--- Work task ---
Lines in the listing below that hold "with" are the ones to copy.

--- Listed records ---
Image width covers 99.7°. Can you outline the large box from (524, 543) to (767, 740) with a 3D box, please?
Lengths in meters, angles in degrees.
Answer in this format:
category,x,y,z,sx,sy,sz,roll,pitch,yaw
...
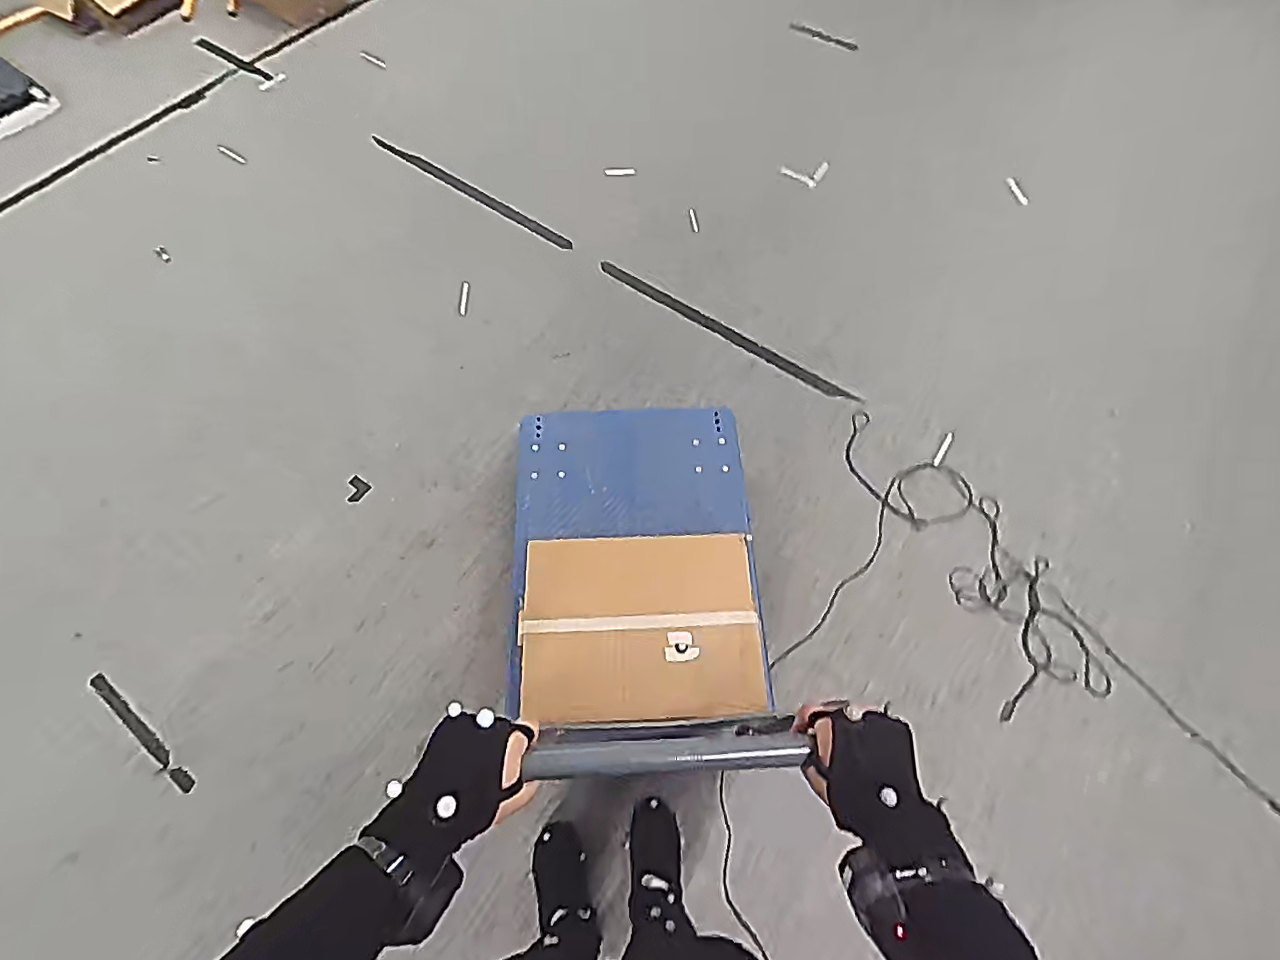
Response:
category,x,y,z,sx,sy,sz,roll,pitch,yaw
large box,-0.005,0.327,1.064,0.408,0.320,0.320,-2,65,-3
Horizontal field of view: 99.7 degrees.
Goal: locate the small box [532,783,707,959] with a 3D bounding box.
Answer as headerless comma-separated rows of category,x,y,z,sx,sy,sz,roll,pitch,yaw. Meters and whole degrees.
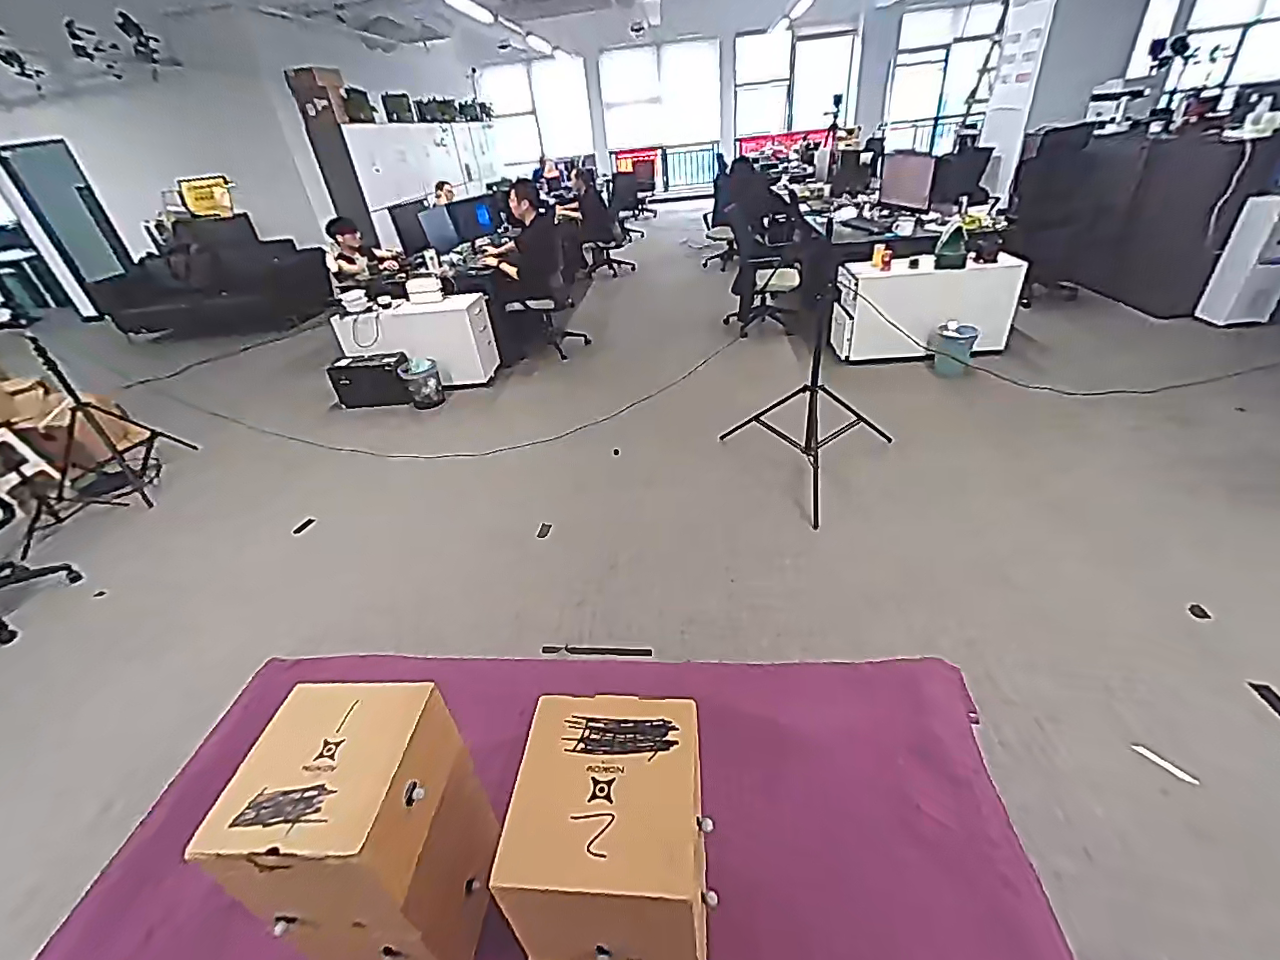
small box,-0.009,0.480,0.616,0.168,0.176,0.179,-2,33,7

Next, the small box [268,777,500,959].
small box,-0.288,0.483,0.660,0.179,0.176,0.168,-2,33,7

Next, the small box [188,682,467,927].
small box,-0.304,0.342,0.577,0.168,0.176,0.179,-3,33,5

--- Solution to this problem ---
Image width covers 99.7°. Can you outline the large box from (524, 543) to (767, 740) with a 3D box, please?
Goal: locate the small box [532,783,707,959] with a 3D bounding box.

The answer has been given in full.